U.S. Poised to Let Phone Companies Block Robocalls

U.S. Poised to Let Phone Companies Block Robocalls

FCC wants to give telecom carriers more leeway to manage unwanted calls

By Ryan Tracy and Sarah Krouse May 15, 2019 12:41 p.m. ET

WASHINGTON—Responding to widespread consumer complaints, the Federal Communications Commission says it will take steps to give phone companies permission to block unwanted robocalls.

Americans get billions of unwanted phone calls annually, making it the No. 1 complaint received by the FCC. But carriers have long been wary of blocking robocalls for fear of breaking the regulator’s call-completion rules that require phone companies to make sure calls reach their intended recipient.

“The American people are fed up with illegal robocalls,” FCC chairman Ajit Pai told reporters Wednesday, saying the agency aims to make it easier for phone companies to block them.

Illegal robocalls, often containing recordings of scammers posing as a government agency, computer support technician or insurance salesperson, have exploded in recent years thanks to low-cost technology that allows for auto-dialing and obscuring a call’s origin. Stopping them has proved difficult in part because bad actors are hard to identify and punish and in part because some robocalls are legal, others are illegal and still others are simply unwanted.

Mr. Pai said the commission has scheduled a June 6 vote on a measure that would assure phone companies that block unwanted calls won’t run afoul of federal rules. The agency said it would enable phone companies to analyze their network traffic to spot and block robocalls. They could let customers create so-called white lists of approved callers and block all other incoming calls.

The regulator is also proposing a measure that would protect phone companies using a new authentication protocol for separating legitimate calls from illegitimate ones. Mr. Pai has encouraged carriers to adopt that call-verification framework, referred to as SHAKEN and STIR, by the end of this year. He told the House Energy and Commerce Committee Wednesday the agency would make the framework mandatory if carriers don’t adopt it.

The moves—particularly the portion allowing consumers to limit the calls they receive to just people or businesses in their contact lists—are likely to meet resistance from companies whose calls are legal, but often unwanted and considered annoying by recipients, such as debt collectors.

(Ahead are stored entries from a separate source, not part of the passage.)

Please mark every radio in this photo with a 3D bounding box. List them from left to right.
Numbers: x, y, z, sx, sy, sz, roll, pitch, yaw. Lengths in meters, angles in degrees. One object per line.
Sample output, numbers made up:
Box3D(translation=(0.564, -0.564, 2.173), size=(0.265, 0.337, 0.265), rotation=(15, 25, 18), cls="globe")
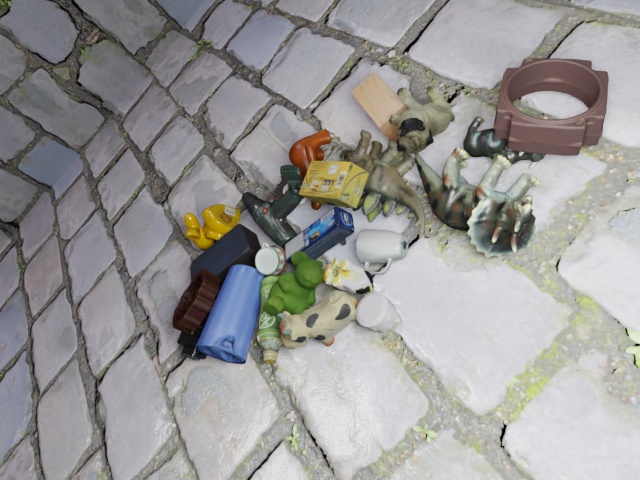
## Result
Box3D(translation=(-0.280, 0.065, 1.586), size=(0.229, 0.073, 0.131), rotation=(-37, 43, 15), cls="radio")

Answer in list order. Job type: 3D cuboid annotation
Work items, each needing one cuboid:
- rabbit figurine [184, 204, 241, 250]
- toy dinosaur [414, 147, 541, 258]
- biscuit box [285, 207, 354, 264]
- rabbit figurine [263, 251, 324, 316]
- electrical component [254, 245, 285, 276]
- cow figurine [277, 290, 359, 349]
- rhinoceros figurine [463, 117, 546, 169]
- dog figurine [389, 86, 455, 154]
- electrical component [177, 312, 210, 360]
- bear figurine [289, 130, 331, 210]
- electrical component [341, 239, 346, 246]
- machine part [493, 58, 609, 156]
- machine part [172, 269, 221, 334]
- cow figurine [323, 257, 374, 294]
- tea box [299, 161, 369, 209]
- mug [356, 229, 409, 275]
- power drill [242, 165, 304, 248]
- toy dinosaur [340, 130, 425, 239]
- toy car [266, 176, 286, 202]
Box3D(translation=(-0.343, -0.025, 1.666), size=(0.173, 0.162, 0.122), rotation=(-41, 52, 39), cls="rabbit figurine")
Box3D(translation=(0.308, -0.083, 1.129), size=(0.405, 0.131, 0.192), rotation=(24, 85, 56), cls="toy dinosaur")
Box3D(translation=(-0.003, -0.004, 1.355), size=(0.203, 0.062, 0.059), rotation=(-35, 48, 35), cls="biscuit box")
Box3D(translation=(-0.037, 0.104, 1.294), size=(0.170, 0.121, 0.159), rotation=(-50, 15, 41), cls="rabbit figurine")
Box3D(translation=(-0.128, 0.055, 1.471), size=(0.119, 0.047, 0.075), rotation=(-21, 51, 30), cls="electrical component")
Box3D(translation=(-0.008, 0.184, 1.215), size=(0.195, 0.127, 0.086), rotation=(-36, 41, 15), cls="cow figurine")
Box3D(translation=(0.395, -0.208, 1.162), size=(0.191, 0.073, 0.112), rotation=(20, 75, 47), cls="rhinoceros figurine")
Box3D(translation=(0.255, -0.262, 1.261), size=(0.172, 0.121, 0.191), rotation=(-4, 43, -3), cls="dog figurine")
Box3D(translation=(-0.336, 0.268, 1.506), size=(0.115, 0.058, 0.134), rotation=(-2, 61, 44), cls="electrical component")
Box3D(translation=(-0.003, -0.193, 1.499), size=(0.132, 0.120, 0.196), rotation=(-21, 67, -25), cls="bear figurine")
Box3D(translation=(0.037, -0.013, 1.389), size=(0.063, 0.021, 0.094), rotation=(-37, 44, 17), cls="electrical component")
Box3D(translation=(0.461, -0.272, 1.076), size=(0.202, 0.087, 0.201), rotation=(10, 59, 19), cls="machine part")
Box3D(translation=(-0.336, 0.167, 1.458), size=(0.179, 0.056, 0.179), rotation=(-46, 23, 27), cls="machine part")
Box3D(translation=(0.066, 0.087, 1.244), size=(0.068, 0.098, 0.167), rotation=(-67, 13, -6), cls="cow figurine")
Box3D(translation=(0.032, -0.138, 1.327), size=(0.170, 0.068, 0.098), rotation=(16, 83, 55), cls="tea box")
Box3D(translation=(0.143, 0.025, 1.226), size=(0.107, 0.080, 0.109), rotation=(-5, 63, 33), cls="mug")
Box3D(translation=(-0.119, -0.107, 1.476), size=(0.207, 0.086, 0.232), rotation=(-51, 62, 29), cls="power drill")
Box3D(translation=(0.147, -0.145, 1.327), size=(0.198, 0.105, 0.472), rotation=(-57, 32, 6), cls="toy dinosaur")
Box3D(translation=(-0.126, -0.127, 1.595), size=(0.202, 0.053, 0.089), rotation=(-51, 44, 1), cls="toy car")

“Unwanted calls are not necessarily unlawful calls,” said Daniel Blynn, a partner at Venable LLP in Washington, D.C. He added that the proposals come with some unanswered questions such as how a legitimate company that is making legal calls and is placed on a spam caller list can remove itself from it.

ACA International, a trade group representing collection agencies, said Wednesday it supports efforts to combat illegal calls but “consumer harm results when legitimate business calls are blocked or mislabeled and people do not receive critical, sometimes exigent information they need.”

CTIA, a trade group representing mobile-phone manufacturers and wireless carriers, said “the wireless industry is committed to combating illegal and unwanted robocalls” and it will continue to work “with the FCC and other stakeholders to protect American consumers.”

For phone companies, “the traditional role was to just pass calls through. Now you’re potentially putting them on the hook for actually policing calls that go through,” said Daniel Delnero, a senior attorney at Squire Patton Boggs in Atlanta that advises companies on consumer class-action suits related to the Telephone Consumer Protection Act.

It remains uncertain whether the proposals will stem the flood of robocalls, and how much, if anything, consumers will pay for call-blocking services. Mr. Pai said the proposals “would likely greatly increase adoption” of call-blocking technology.

He encouraged phone companies to provide the service free, noting that fewer robocalls would also mean fewer complaints from customers and less spam traffic on their networks. But he stopped short of proposing to mandate that the services be free. He also said the proposals are designed to ensure emergency calls wouldn’t be blocked.